为什么不能在一维卷积中设置内核大小？

Question

I use keras build 1D Convolution + LSTM. I try to set kernel size = 5 like this image 1D Convoluton . I have data all 72 value and separate to test set 6 value. It can set kernel to 1. If I set kernel to another size it show error. This my data.csv file.

This is my code.

import pandas as pd
import numpy as np
from keras.layers import LSTM
from keras.layers import Conv1D
from pandas.tseries.offsets import MonthEnd
from sklearn.preprocessing import MinMaxScaler
from keras.models import Sequential
from keras.layers import Dense
import keras.backend as K
from keras.layers import Embedding
from keras.layers import GRU

df = pd.read_csv('D://data.csv',
             engine='python')


df['DATE_'] = pd.to_datetime(df['DATE_']) + MonthEnd(1)
df = df.set_index('DATE_')
df.head()

split_date = pd.Timestamp('03-01-2015')

########## Separate train and test data ##########
train = df.loc[:split_date, ['COLUMN1']]
test = df.loc[split_date:, ['COLUMN1']]

sc = MinMaxScaler()

train_sc = sc.fit_transform(train)
test_sc = sc.transform(test)

X_train = train_sc[:-1]
y_train = train_sc[1:]

X_test = test_sc[:-1]
y_test = test_sc[1:]


###################  Convolution  #######################

X_train_t = X_train[:, None]
X_test_t = X_test[:, None]

K.clear_session()
model = Sequential()

model.add(Conv1D(12, 5, activation='relu', input_shape=(None,1)))
model.add(LSTM(5,return_sequences=True))
model.add(LSTM(3)) 
model.add(Dense(1))

model.compile(loss='mean_squared_error', optimizer='adam' )
model.fit(X_train_t, y_train, epochs=400, batch_size=10, verbose=1)

y_pred = model.predict(X_test_t)

print(y_pred)
print(y_test)

When I run it show error like this.

InvalidArgumentError (see above for traceback): computed output size would be negative

Answer 1

This line:

model.add(Conv1D(12, 5, activation='relu', input_shape=(None,1)))

says that the input is of unknown batch size, and within a batch, it's 1 long, that is exactly one number.
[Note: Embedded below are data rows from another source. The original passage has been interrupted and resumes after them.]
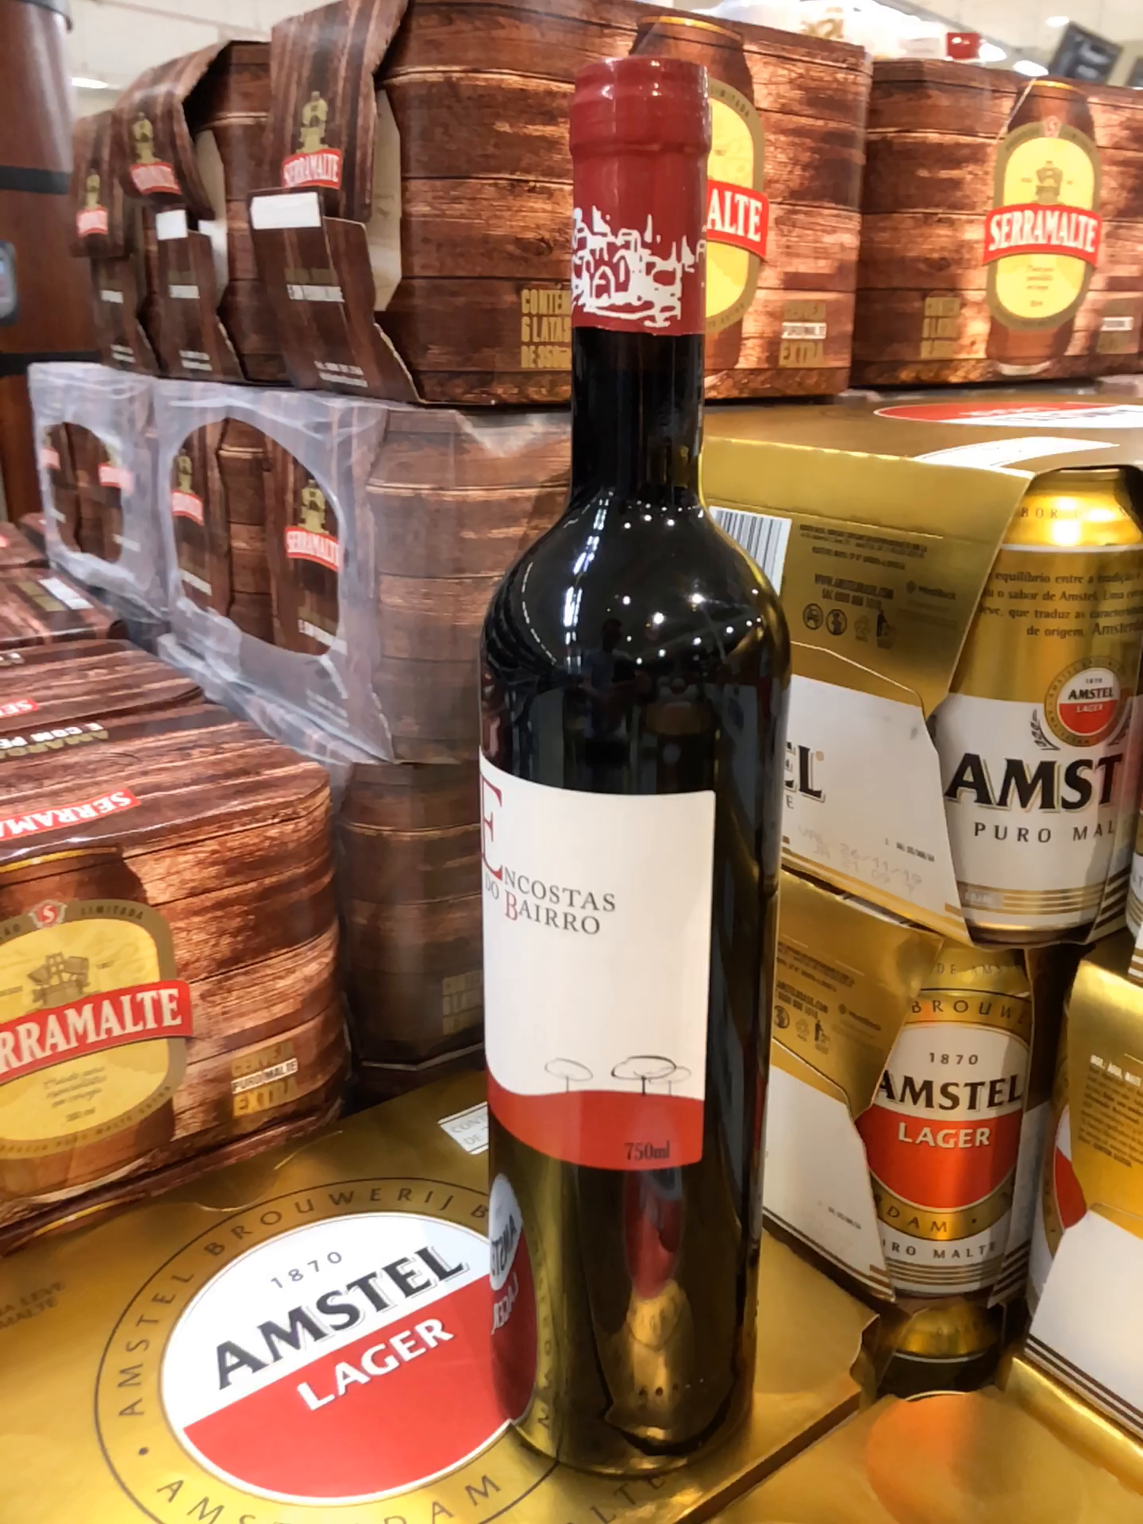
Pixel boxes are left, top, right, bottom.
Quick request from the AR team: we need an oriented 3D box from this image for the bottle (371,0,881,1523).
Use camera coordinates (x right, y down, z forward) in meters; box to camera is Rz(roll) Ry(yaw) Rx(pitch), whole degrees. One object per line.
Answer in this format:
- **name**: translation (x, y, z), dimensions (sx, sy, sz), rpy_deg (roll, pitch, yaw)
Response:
- **bottle**: translation (0.012, 0.012, 0.292), dimensions (0.070, 0.318, 0.070), rpy_deg (0, 18, 0)
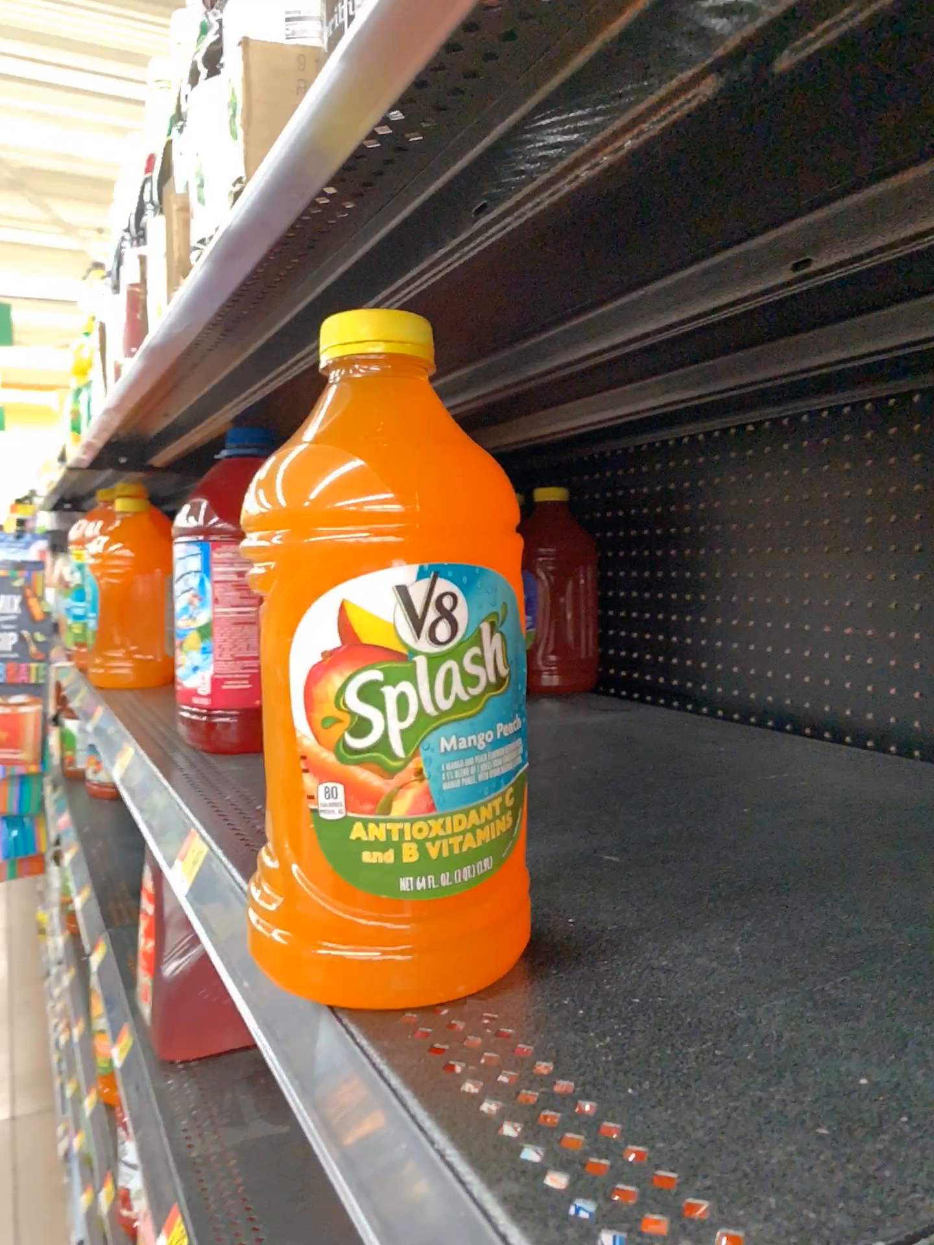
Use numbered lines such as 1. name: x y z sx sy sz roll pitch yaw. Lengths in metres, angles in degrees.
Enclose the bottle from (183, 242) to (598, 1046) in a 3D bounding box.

And you're trying to fit a 5-kernel convolution over it. If you use padding "same" this would just yield an output of one number (the input number multiplied by the middle number of your kernel), but with the default "valid" padding, this would make the output size negative.

With input_shape = ( None, 5 ) you would get exactly one number (per filter) as output, if you have only 1 number that would make the size -4 theoretically but that has no practical meaning.